# Brook Trout



## dwane oliver (Oct 27, 2014)

We caught a mess of Brookies and wanted to smoke them.

Cousin said to brine them in Cure #1 , so I made the following brine.

1 Gallon water

1/2 cup non-iodized salt

1 cup brown sugar

1 tsp Prague powder ( pink salt ) ( Cure #1 )

It took about 3 gallons to cover them in a 5 gal bucket , weighted them down with a bowl.

Let set in the fridge for 6 days

Took them out and let em get a pellicle , then to the outhouse smoker with them. ( my wife said it looks like an outhouse , lol )

Outside temp was about 45 F , started the smoke at about 90 F.
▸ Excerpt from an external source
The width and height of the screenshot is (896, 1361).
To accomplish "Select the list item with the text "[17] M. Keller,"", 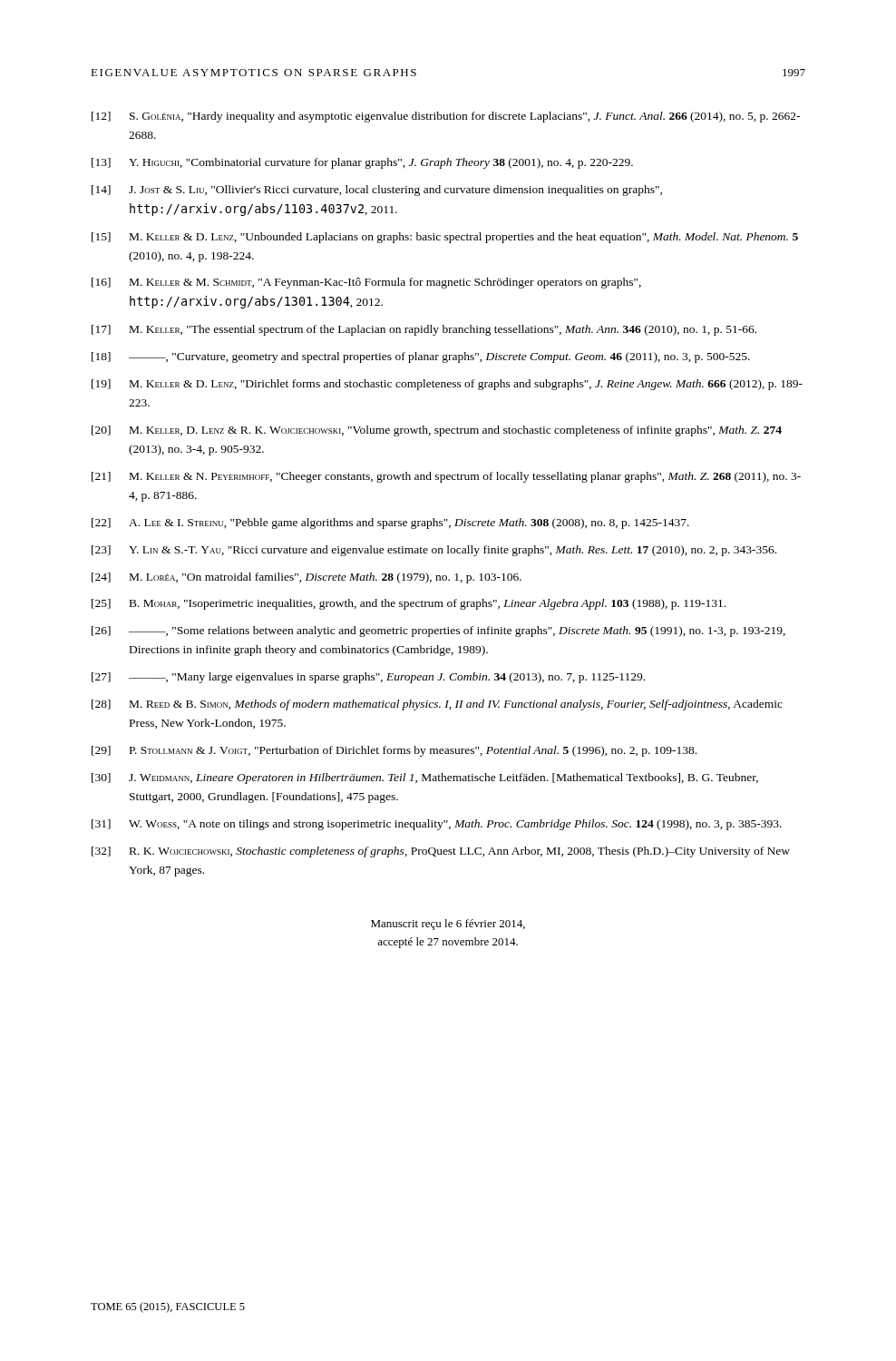I will (x=448, y=330).
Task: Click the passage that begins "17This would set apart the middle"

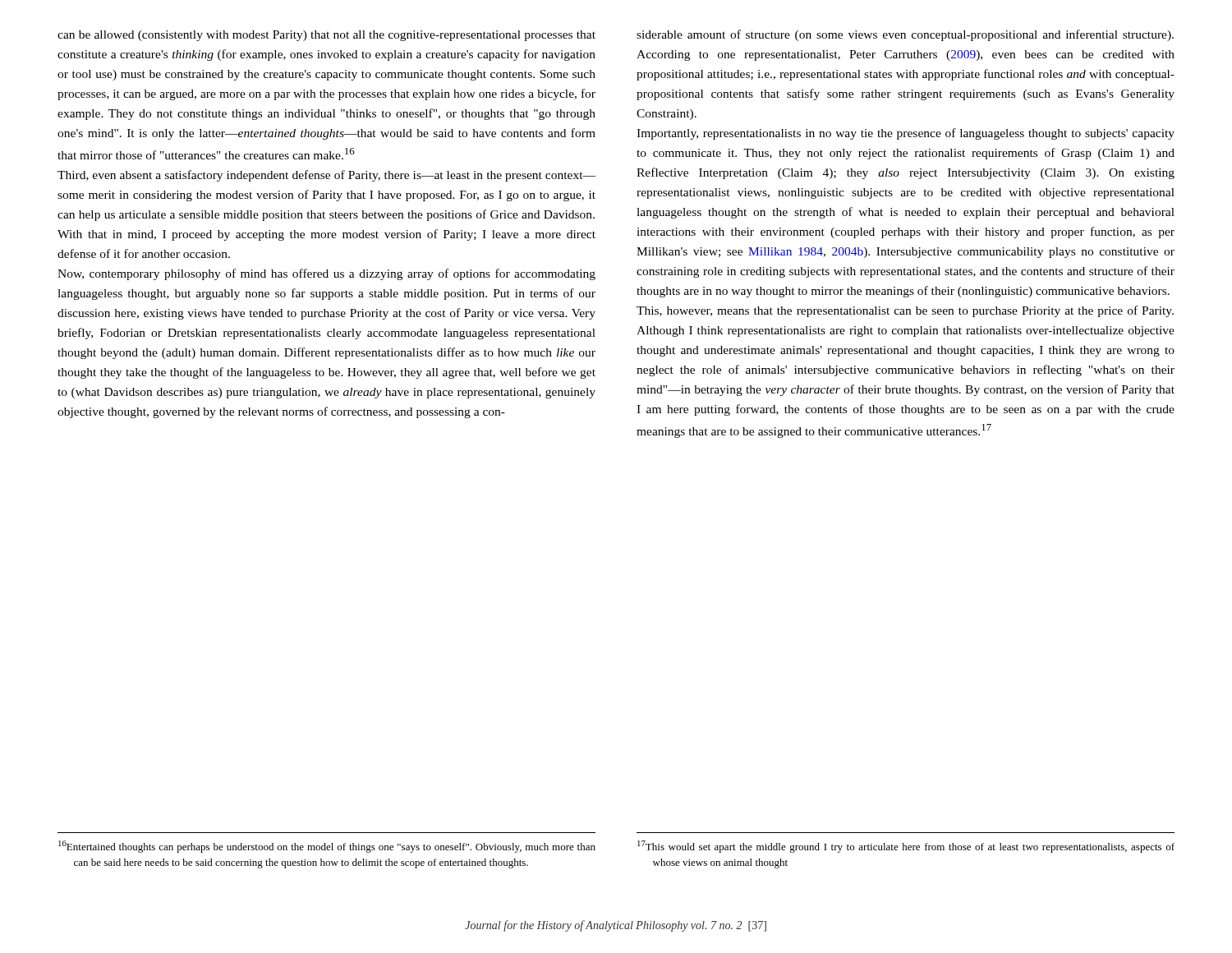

Kept a heavy smoke going for 2.5 hrs and the interior of the smoker reached 160

Opened the door to goodness , DONE

I put them in the fridge for about 20 hrs and then vac  packed them this morning.













IMG_0611[1].JPG



__ dwane oliver
__ Oct 27, 2014


















IMG_0613[1].JPG



__ dwane oliver
__ Oct 27, 2014


















IMG_0614[1].JPG



__ dwane oliver
__ Oct 27, 2014






Deliciousness..............

Dwane


----------



## dirtsailor2003 (Oct 27, 2014)

Tasty looking Brookies, Nice Smoke! Will make some good smoked trout dip!


----------



## crazymoon (Oct 28, 2014)

Love brookies and will have to try them smoked next year !


----------



## tropics (Oct 28, 2014)

Nice looking batch of Brookies , haven't had Trout in years


----------



## themule69 (Oct 28, 2014)

OH yeah! That looks fantastic.

Happy smoken.

David


----------



## disco (Oct 28, 2014)

This looks like something I have to try. Thanks for posting it, Dwane,

Disco


----------



## java (Oct 28, 2014)

Nothing better than a bunch of Brookies, nice job!


----------



## driedstick (Oct 28, 2014)

That looks great, nice job, you got some great smoke on them it looks like.

A full smoker is a happy smoker

DS


----------